Recent information is prioritized:

// Conceptual recency scoring adjustments
scoringAdjustment = {
lastWeek: +0.20,
lastMonth: +0.10,
lastQuarter: +0.05,
lastYear: +0.02,
older: -0.10
}

Performance Benefits

Why RAG + Re-ranking Matters

Hybrid Search Advantages:

  • ✅ Combines keyword precision with semantic understanding
  • ✅ Finds relevant content even when exact terms don't match
  • ✅ Adapts to different query phrasings
  • ✅ Respects data permissions and recency

Re-ranking Impact:

  • ✅ Prioritizes most relevant results
  • ✅ Balances multiple relevance factors
  • ✅ Reduces irrelevant responses
  • ✅ Improves user satisfaction
tip

Hybrid search (keyword + semantic) consistently outperforms either method alone, especially for complex or ambiguous queries.


Monitoring

Performance Considerations

Typical Retrieval Performance:

  • Processing Time: 400-1000ms per request
  • Sources Queried: 3-6 data sources (Knowledge, Salesforce Records, Vector Search)
  • Candidates Retrieved: 30-50 initial candidates
  • Final Selection: 3-5 most relevant items
  • Relevance Threshold: Minimum 0.7 semantic similarity score
note

Monitor your agent's performance through Setup → Einstein → Einstein for Service. Salesforce provides built-in analytics for response quality and retrieval effectiveness.


Configuration

Typical Retrieval Settings

info

The following configurations represent typical values used by Agentforce's RAG engine. These settings are managed by Salesforce and are NOT user-configurable in standard Agentforce implementations. They are shown here for understanding how the system operates internally.

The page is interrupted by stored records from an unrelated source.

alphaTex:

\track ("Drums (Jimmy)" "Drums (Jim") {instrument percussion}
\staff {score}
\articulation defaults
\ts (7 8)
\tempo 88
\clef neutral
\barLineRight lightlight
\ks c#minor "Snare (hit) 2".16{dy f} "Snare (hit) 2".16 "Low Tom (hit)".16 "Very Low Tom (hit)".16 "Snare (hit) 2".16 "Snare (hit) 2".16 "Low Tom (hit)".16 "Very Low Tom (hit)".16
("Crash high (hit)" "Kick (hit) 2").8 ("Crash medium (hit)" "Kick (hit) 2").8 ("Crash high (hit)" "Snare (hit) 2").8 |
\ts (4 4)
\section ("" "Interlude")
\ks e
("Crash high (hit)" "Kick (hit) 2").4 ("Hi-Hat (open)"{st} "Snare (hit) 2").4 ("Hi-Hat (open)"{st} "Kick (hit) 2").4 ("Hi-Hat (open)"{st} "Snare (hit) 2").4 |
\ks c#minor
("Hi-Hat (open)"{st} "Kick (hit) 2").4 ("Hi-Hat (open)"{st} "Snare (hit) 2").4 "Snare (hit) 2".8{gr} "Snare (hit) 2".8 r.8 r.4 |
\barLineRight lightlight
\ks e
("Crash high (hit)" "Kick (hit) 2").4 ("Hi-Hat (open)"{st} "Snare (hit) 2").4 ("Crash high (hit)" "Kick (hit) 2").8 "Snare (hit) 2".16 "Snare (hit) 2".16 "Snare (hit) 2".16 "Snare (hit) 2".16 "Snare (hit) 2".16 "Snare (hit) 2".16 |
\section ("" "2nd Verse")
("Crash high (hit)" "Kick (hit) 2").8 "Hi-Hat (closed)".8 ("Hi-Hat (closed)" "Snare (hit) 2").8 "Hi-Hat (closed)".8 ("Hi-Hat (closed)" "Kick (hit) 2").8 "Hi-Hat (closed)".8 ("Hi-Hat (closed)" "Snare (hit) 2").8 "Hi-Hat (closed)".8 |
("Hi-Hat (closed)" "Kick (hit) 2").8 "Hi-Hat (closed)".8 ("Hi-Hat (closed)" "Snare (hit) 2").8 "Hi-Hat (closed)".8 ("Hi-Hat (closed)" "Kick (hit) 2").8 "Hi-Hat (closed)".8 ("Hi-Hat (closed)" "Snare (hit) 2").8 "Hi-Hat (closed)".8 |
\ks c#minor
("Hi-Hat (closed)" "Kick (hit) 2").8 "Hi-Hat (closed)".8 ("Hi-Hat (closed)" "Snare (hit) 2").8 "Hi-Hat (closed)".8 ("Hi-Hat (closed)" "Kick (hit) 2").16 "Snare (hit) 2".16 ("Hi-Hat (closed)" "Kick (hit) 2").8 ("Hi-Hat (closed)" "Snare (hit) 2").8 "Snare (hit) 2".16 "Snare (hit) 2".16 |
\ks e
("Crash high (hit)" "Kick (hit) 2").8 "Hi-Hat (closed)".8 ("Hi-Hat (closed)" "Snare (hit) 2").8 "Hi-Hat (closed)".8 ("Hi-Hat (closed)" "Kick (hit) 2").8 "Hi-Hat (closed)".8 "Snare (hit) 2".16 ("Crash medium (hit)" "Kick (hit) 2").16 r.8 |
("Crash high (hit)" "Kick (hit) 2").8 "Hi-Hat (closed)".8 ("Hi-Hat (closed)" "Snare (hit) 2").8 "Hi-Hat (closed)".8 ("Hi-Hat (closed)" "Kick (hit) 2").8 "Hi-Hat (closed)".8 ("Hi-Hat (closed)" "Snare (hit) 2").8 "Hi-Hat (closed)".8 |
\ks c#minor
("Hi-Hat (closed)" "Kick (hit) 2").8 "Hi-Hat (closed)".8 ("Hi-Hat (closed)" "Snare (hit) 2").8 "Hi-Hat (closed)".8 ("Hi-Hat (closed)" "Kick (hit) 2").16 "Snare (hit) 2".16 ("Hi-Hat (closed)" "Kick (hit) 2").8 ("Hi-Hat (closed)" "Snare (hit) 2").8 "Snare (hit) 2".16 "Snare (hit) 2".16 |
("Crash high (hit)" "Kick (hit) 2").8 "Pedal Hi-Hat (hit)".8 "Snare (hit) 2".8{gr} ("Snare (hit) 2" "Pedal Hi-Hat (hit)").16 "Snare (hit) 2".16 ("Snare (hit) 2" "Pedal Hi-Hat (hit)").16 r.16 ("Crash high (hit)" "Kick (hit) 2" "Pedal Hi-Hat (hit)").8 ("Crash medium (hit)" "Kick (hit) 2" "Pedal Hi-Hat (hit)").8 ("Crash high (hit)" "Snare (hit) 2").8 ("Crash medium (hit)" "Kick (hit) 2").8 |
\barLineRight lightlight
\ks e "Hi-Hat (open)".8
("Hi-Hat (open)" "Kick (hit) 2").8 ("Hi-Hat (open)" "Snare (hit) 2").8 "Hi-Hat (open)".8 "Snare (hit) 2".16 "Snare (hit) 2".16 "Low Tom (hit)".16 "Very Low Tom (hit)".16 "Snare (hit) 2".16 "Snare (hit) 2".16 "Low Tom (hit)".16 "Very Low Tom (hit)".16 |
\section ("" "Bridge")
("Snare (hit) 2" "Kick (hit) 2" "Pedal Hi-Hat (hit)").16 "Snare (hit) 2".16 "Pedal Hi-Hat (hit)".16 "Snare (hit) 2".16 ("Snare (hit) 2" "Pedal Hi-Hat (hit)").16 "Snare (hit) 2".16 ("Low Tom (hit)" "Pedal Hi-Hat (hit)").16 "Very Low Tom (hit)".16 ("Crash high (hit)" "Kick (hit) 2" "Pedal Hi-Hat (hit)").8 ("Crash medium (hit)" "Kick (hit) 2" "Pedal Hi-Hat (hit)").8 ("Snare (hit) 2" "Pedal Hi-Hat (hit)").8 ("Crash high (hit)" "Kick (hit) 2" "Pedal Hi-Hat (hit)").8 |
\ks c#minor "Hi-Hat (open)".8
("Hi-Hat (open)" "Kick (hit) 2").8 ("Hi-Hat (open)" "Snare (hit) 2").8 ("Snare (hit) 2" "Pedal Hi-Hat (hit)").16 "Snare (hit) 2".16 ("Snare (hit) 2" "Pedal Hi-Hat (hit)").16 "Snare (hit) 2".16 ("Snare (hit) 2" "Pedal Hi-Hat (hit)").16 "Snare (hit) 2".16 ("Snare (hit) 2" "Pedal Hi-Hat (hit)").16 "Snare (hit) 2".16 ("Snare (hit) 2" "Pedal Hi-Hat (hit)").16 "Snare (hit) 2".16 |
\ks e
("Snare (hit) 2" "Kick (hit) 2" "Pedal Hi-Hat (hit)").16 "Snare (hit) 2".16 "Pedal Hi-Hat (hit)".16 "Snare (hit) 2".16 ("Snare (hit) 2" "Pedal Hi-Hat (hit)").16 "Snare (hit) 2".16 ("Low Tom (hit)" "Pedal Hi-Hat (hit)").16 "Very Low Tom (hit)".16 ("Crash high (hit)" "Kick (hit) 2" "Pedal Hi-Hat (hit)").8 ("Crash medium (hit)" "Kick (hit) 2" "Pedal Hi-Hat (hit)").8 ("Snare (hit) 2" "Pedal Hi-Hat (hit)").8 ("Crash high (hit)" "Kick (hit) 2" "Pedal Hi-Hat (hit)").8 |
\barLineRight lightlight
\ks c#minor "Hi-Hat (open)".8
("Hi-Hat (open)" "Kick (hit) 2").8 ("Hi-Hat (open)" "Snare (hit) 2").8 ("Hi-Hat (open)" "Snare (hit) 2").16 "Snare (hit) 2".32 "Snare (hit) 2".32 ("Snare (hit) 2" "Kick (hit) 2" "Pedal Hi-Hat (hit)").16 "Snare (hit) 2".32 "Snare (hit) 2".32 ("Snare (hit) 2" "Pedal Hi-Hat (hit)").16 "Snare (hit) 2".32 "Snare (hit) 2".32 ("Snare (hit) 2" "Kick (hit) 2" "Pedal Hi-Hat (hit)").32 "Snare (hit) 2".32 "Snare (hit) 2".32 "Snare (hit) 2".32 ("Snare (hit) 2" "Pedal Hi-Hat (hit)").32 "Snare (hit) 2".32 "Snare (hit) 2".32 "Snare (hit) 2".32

Example Retrieval Configuration:

{
"retrieval": {
"maxCandidates": 50,
"topK": 5,
"semanticThreshold": 0.7,
"enableHybridSearch": true,
"sources": {
"knowledgeBase": {
"enabled": true,
"weight": 1.0
},
"vectorSearch": {
"enabled": true,
"weight": 1.2
},
"salesforceRecords": {
"enabled": true,
"weight": 0.8
}
}
}
}

Typical Re-ranking Weights

Example Re-ranking Configuration:

{
"reranking": {
"semanticSimilarity": 0.40,
"recency": 0.20,
"authority": 0.15,
"userPreferences": 0.10,
"completeness": 0.10,
"accessibility": 0.05
}
}
What You CAN Configure

While the RAG engine parameters above are automatic, you can configure:

  • Data Sources: Enable/disable Knowledge Base, Data Cloud, Salesforce objects
  • Knowledge Articles: Select which articles are accessible
  • Record Access: Configure object and field-level security
  • Topic Filters: Define which topics trigger retrieval

Configure these in Setup → Agent → Topics & Actions


Best Practices

✅ Do's

  • ✅ Use hybrid search (keyword + semantic)
  • ✅ Re-rank results for optimal relevance
  • ✅ Track citations for transparency
  • ✅ Respect token limits in context selection
  • ✅ Monitor relevance scores

❌ Don'ts

  • ❌ Rely solely on keyword search
  • ❌ Skip re-ranking (uses first results)
  • ❌ Exceed token budgets
  • ❌ Ignore user permissions
  • ❌ Return uncited information

Troubleshooting

Issue: Low Relevance Scores

Symptoms:

  • Users report irrelevant information
  • Low satisfaction scores

Solutions:

  1. Tune re-ranking weights
  2. Expand vector embedding model
  3. Add more data sources
  4. Improve query understanding

Issue: Slow Retrieval

Symptoms:

  • Stage 5 takes > 1000ms
  • Timeout errors

Solutions:

  1. Add caching layer
  2. Reduce max candidates
  3. Optimize vector search indices
  4. Use parallel retrieval

Integration with Stage 6

Retrieved information moves to Stage 6: Quality & Safety Gates:



Stage 5 ensures AI responses are grounded in relevant, authoritative information through advanced RAG techniques, delivering 2x better relevance than basic keyword search.